UConn, Cincinnati and South Florida will divide the majority of the remaining money for an estimated total of $20-30 million per school. The future members of the new conference – Central Florida, Southern Methodist, Houston, Memphis, Temple, East Carolina, Tulane and Navy – will divide up a smaller portion of the exit fees as compensation for the new television deal, which was not as sizeable as anticipated by the members of the conference.

For UConn, the payout helps to offset the loss of revenue from the new television deal that the now-unnamed conference signed with ESPN on Feb. 23. The new deal will pay the conference $130 million over seven years, a payout of $2 million per year. The current Big East deal with ESPN pays UConn $3 million per year.

Two years ago, the Big East turned down a nine-year, $1.17 billion offer from ESPN, which would have paid UConn about $8 million per year.

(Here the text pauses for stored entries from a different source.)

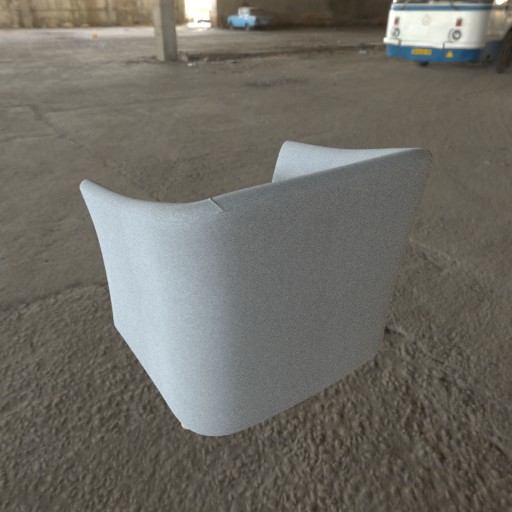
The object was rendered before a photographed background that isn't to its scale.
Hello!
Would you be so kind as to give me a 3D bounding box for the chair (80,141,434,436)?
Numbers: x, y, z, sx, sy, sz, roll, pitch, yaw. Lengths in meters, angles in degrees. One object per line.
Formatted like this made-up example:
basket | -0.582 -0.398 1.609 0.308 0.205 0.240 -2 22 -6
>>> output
chair | 0.000 0.000 1.342 0.790 0.720 0.700 -19 35 -29
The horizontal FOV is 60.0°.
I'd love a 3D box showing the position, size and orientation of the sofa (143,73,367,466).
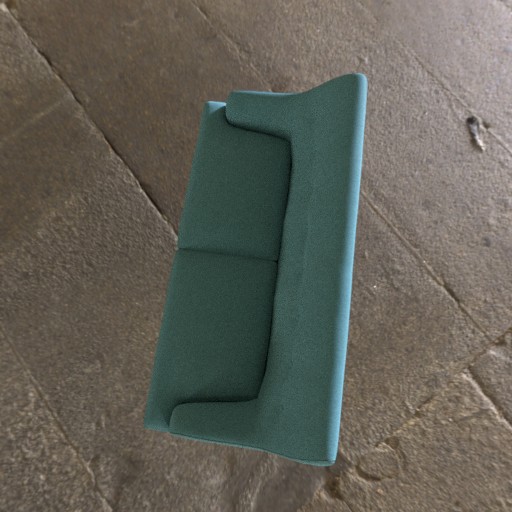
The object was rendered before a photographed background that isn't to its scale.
[{"bbox_3d":[0.000,0.000,2.566,0.978,0.871,2.057,8,75,2],"label":"sofa"}]
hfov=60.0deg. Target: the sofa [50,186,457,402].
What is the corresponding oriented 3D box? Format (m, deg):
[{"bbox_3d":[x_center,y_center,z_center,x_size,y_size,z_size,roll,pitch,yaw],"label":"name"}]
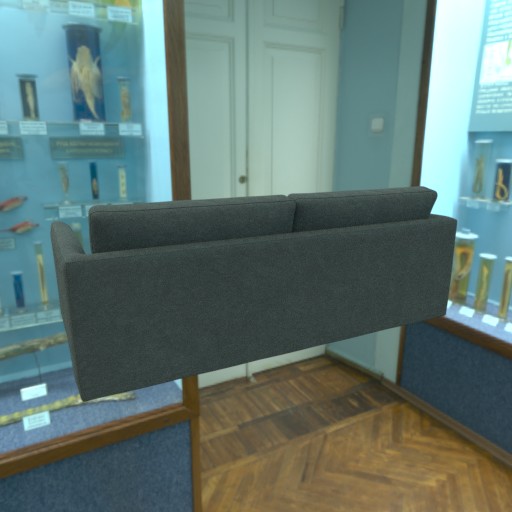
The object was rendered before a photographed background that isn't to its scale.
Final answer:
[{"bbox_3d":[0.000,0.000,2.748,2.257,0.838,1.092,-7,16,-26],"label":"sofa"}]
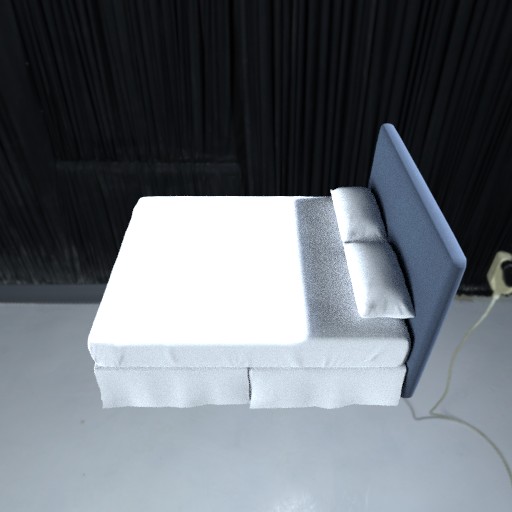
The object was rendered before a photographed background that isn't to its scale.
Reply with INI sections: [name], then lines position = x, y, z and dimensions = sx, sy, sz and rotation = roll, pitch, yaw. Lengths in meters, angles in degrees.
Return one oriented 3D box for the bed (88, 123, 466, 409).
[bed]
position = 0.000, 0.000, 3.243
dimensions = 2.162, 1.330, 1.713
rotation = 0, 41, 0
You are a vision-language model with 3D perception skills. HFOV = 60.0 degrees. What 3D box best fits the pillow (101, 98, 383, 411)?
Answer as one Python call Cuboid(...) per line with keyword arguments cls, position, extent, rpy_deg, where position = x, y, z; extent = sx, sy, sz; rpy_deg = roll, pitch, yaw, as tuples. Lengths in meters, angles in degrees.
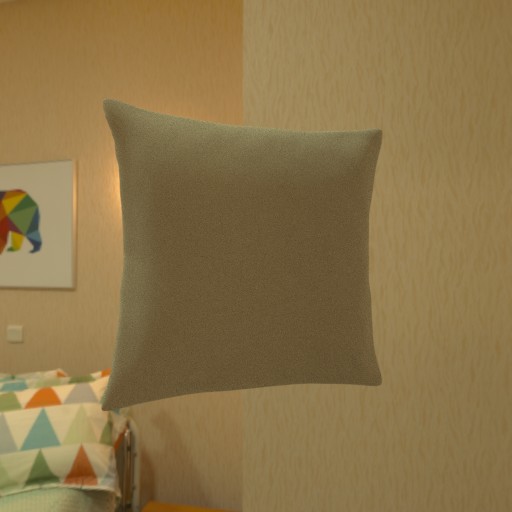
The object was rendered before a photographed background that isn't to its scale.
Cuboid(cls="pillow", position=(0.000, 0.000, 0.798), extent=(0.525, 0.508, 0.166), rpy_deg=(0, -1, -18))
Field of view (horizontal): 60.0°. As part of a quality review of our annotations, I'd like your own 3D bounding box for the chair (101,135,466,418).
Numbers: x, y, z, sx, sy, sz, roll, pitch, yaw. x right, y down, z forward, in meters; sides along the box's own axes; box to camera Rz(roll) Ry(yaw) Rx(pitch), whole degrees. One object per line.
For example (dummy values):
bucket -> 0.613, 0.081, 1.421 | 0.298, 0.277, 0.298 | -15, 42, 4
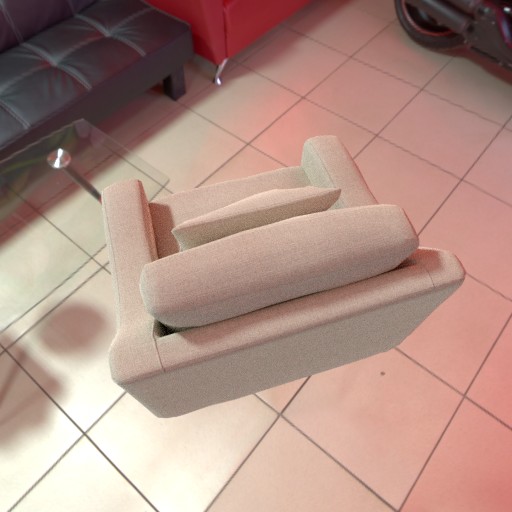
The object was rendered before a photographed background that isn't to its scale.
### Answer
chair -> 0.000, 0.000, 1.894 | 1.178, 1.016, 1.009 | -15, 59, -9
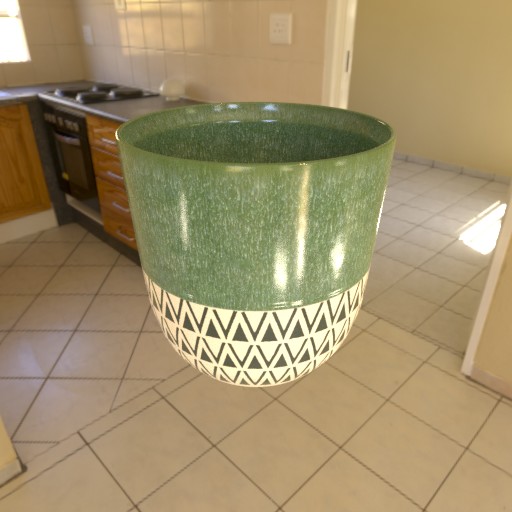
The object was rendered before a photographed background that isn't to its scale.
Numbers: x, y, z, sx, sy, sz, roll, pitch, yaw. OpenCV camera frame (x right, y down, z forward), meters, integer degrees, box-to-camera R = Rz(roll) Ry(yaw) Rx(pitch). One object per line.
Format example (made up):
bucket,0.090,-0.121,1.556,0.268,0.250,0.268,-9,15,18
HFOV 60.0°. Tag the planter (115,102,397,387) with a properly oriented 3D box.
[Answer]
planter,0.000,0.000,0.369,0.195,0.214,0.195,0,28,0
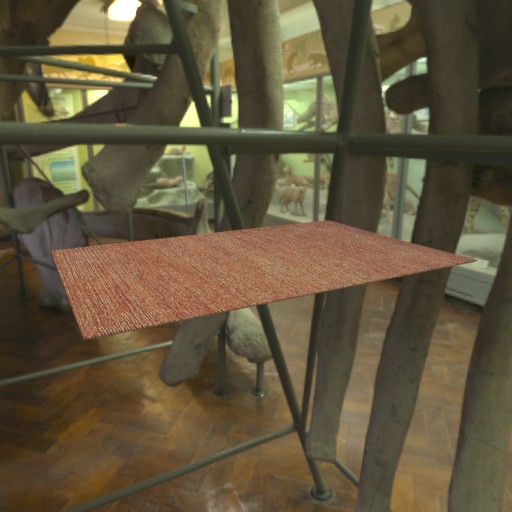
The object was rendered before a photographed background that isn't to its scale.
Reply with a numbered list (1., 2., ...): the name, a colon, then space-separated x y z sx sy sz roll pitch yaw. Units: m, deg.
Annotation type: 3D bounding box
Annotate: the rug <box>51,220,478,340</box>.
1. rug: 0.000 0.000 2.157 1.747 0.011 1.139 -8 17 -27
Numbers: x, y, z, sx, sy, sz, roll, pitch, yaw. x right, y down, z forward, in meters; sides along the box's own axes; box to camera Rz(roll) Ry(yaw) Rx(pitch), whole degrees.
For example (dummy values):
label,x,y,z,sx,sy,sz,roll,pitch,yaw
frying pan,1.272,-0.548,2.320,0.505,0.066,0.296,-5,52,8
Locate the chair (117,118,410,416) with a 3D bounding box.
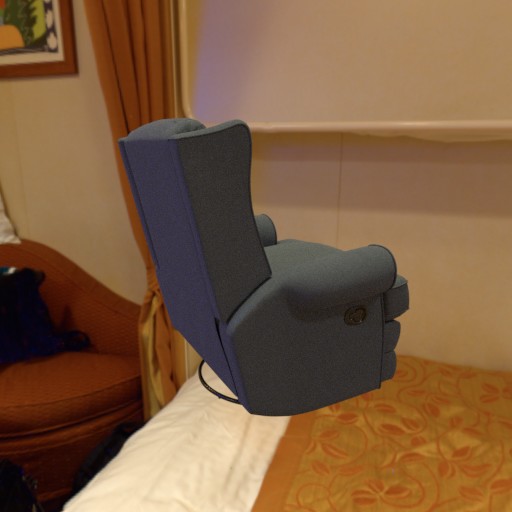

Since turning down that deal, 16 schools – including the Catholic 7 – have decided to leave the Big East. Syracuse and Pittsburgh are joining the Atlantic Coast Conference this summer, with Louisville following next year. West Virginia and Texas Christian University (who agreed to join but never did) are now in the Big XII. Rutgers is joining the Big Ten. Boise State and San Diego State were both prepared to join for football only, but decided against joining as a result of the aforementioned moves.

Notre Dame is set to join the ACC in 2014, but with the Catholic 7 now departing this summer, the school will likely apply for an early exit. They are expected to either join the ACC this summer or spend a year in the new Big East.

UConn’s new conference does not yet have a name or a home for its postseason basketball tournament. It is expected that UConn officials will lobby for the tournament to be played at the XL Center in Hartford, the current home of the Big East women’s basketball tournament. Such matters were put on the hold while the television deal and the Catholic 7 negotiations were being handled.

In 2014, the conference will have 11 football members. According to the Hartford Courant, a 12th team could be added for 2015, and Tulsa is a leading candidate.